The electric world has become darker and more corrupt. Even Labrinth's soundtrack transitions to more melancholic gospel music, creating an entirely different soundtrack to a dance where no-one knows the next step.
Euphoria fans were left with several burning questions about their favourite characters after a chaotic season two finale, which aired on February 27th of this year. Season 2, Episode 8 ("All My Life, My Heart Has Yearned For a Thing I Cannot Name") was filled with loose ends and cliffhangers that viewers hope the show's third, and possibly final, season will resolve.
The episode was a continuation of Season 2, Episode 7 ("The Theatre and Its Double") and centred around Lexi's self-produced play. Euphoria's third season is expected to be released late 2023 or early 2024.

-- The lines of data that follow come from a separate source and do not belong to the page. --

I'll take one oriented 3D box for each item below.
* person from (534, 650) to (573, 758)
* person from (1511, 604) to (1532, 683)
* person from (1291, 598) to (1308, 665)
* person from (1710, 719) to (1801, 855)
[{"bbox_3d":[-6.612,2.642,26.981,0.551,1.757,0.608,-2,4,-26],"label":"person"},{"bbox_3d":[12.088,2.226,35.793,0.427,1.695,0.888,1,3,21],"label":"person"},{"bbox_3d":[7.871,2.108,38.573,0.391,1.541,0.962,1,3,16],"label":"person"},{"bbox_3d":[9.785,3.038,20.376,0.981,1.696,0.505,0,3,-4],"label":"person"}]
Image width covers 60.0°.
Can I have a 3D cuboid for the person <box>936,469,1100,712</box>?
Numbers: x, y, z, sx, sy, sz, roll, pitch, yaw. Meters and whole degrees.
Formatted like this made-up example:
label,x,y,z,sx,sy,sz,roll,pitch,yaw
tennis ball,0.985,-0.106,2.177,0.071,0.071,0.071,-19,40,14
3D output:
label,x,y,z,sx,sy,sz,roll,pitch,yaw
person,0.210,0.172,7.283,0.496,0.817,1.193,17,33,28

While the show has several exaggerated parties, fights, and plays, it certainly captures the adolescent melodrama of your entire world revolving around the gossip of your social circle. It also represents real issues faced by the high schoolers of today, which is something many teen dramas currently on-air fail to do. Whether you find the series a little too far-fetched for the teenage protagonists or not, Euphoria has the tagline “feel something”, and in that I feel the series succeeds completely.